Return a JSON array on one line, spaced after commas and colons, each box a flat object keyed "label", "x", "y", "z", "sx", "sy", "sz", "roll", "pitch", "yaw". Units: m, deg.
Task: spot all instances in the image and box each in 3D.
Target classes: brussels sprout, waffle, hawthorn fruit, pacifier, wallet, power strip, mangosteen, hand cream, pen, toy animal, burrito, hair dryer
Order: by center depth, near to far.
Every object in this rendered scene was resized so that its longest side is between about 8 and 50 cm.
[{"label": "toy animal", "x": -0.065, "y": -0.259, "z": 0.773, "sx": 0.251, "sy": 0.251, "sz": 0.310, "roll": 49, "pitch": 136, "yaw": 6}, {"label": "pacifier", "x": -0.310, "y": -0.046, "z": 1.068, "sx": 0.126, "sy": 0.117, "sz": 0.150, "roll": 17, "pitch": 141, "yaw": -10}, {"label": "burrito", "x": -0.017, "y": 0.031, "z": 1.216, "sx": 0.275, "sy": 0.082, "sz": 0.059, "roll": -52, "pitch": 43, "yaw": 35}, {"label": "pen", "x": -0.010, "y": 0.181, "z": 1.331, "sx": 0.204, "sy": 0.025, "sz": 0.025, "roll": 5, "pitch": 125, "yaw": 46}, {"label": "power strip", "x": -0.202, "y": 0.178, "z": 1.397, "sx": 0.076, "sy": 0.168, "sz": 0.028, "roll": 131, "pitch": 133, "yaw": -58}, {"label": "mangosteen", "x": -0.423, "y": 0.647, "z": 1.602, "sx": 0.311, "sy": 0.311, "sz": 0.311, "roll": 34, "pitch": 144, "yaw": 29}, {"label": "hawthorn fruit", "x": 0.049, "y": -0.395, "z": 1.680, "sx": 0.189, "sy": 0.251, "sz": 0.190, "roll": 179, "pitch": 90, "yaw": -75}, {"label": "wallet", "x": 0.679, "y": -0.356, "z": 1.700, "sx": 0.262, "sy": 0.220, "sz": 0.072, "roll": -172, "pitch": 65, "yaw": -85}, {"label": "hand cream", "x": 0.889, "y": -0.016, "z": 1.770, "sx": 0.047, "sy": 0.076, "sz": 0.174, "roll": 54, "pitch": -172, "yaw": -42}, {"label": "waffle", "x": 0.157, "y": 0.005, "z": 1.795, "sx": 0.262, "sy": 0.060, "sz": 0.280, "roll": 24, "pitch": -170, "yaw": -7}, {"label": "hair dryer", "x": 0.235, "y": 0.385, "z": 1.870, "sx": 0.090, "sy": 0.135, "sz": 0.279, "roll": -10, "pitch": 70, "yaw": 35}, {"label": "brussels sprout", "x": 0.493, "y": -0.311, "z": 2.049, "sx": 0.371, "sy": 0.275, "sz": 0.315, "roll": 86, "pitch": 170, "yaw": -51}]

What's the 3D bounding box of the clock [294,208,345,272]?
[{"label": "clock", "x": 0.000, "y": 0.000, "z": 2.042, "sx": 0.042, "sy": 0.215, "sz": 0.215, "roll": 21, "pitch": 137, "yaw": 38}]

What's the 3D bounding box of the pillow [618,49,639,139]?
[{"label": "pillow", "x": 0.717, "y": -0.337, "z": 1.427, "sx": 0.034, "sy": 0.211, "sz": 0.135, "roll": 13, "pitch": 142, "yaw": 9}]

> PROBLEM REQUIREMENTS
Tally every line in the listing above that contains "each", then state only the total.

> ANSWER BOX
2